Vaccine response to trivalent inactivated influenza vaccine (TIV) is correlated with cell proliferation and immunoglobulin gene signatures

Having validated the analytic approach in samples from subjects vaccinated with YF-17D, we next applied gene set based analysis to a more challenging problem: identifying features that predict the antibody response to the inactivated influenza vaccine.

We analyzed PBMC profiles from individuals vaccinated with the trivalent inactivated influenza vaccine (TIV) that were collected pre-vaccination (Day 0) and 7 days post vaccination [16]. HAI titers for each subject were available pre-vaccination and 28 days post vaccination and were used as the outcome measure of vaccine response. We calculated the magnitude of antibody responses to the vaccine (HAI response) as the maximum difference between the HAI titer at day 28 and the baseline titer (day 0) for any of the three influenza strains contained in the vaccine. We classified the vaccinated subjects as low or high HAI responders based on whether or not a fourfold increase in titer occurred after vaccination. This criterion was based on our prior study [16], and on the US Food and Drug Administration Guidance for Industry document for this field [17]. Using this criterion, 17 vaccinees had a high HAI response and 7 had a low HAI response.

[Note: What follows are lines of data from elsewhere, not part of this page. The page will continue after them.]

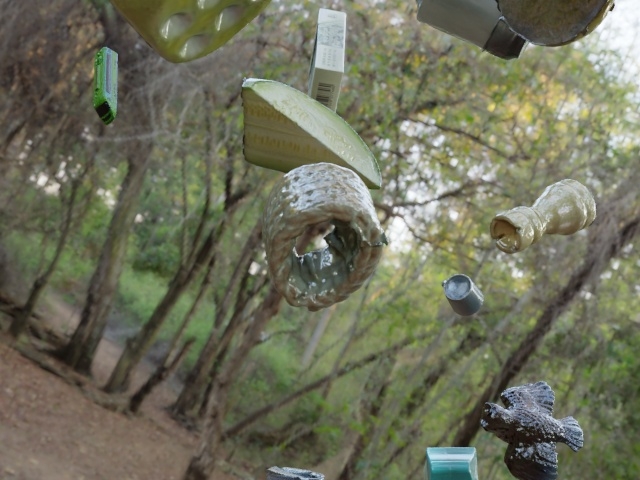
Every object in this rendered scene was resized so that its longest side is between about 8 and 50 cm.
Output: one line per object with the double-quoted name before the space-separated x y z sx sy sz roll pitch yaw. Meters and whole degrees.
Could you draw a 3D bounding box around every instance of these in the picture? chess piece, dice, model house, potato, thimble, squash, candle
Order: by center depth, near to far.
"chess piece" 0.257 -0.025 0.984 0.066 0.122 0.066 33 -46 42
"dice" -0.208 -0.419 1.218 0.233 0.238 0.227 50 2 12
"potato" 0.409 -0.388 1.349 0.098 0.138 0.243 -18 3 -40
"thimble" -0.003 -0.005 1.433 0.196 0.229 0.148 25 28 -23
"model house" 0.253 0.463 1.625 0.101 0.127 0.149 -2 -39 3
"squash" -0.007 -0.228 1.684 0.289 0.111 0.203 10 -45 7
"candle" 0.337 -0.555 1.889 0.343 0.221 0.221 26 -10 6

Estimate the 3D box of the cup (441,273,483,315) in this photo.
"cup" 0.317 0.118 1.950 0.100 0.078 0.077 28 -12 38

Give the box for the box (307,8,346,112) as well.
"box" 0.012 -0.417 2.035 0.069 0.256 0.164 8 -45 -5

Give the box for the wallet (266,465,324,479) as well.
"wallet" -0.030 0.503 1.442 0.069 0.230 0.170 -9 -2 -29

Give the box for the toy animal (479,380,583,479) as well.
"toy animal" 0.392 0.348 1.597 0.179 0.218 0.116 29 -38 -27

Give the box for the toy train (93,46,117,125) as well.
"toy train" -0.487 -0.348 1.906 0.044 0.209 0.042 -33 -42 29

To identify gene sets that correlated with a high HAI response, we compared the PBMC gene expression profile of each individual at Day 7 with the corresponding profile from Day 0, to create a list of genes ranked by their fold changes after vaccination for that subject. We then tested each subject's vaccine response for enrichment of gene sets from the same database collection as used before using ssGSEA and identified the gene sets most differentially enriched in the high responders compared with the low responders. We found 13 gene sets significantly associated with a high HAI response to vaccine (FDR < 0.25) (Figure 2A). The number of gene sets and degree of enrichment of gene sets correlated with TIV antibody response was lower than what we observed in the comparison of pre and post YF-17D vaccination. This suggests that the biological “signal” associated with influenza vaccine response is less pronounced than the effect of vaccination with YF-17D.

Figure 2. Antibody response to TIV correlates with enrichment of proliferation and immunoglobulin gene sets.

Figure 2

(A) Heatmap of the top 13 gene sets (FDR < 0.25) enriched in high responders (yellow) compared to low responders (green). Gene sets are ranked by the mutual information score. Membership of the clusters detected in the Constellation Map (B) is shown on the left of the heatmap. (B) Constellation Map of the top 13 gene sets. Two connected clusters of gene sets are detected in the constellation map, indicated by orange and lilac arcs. (C and D) Protein-Protein interaction network of two connected clusters in (B). Significant physical connectivity is shown for genes within the antibody cluster (C, orange) and proliferation cluster (D, lilac).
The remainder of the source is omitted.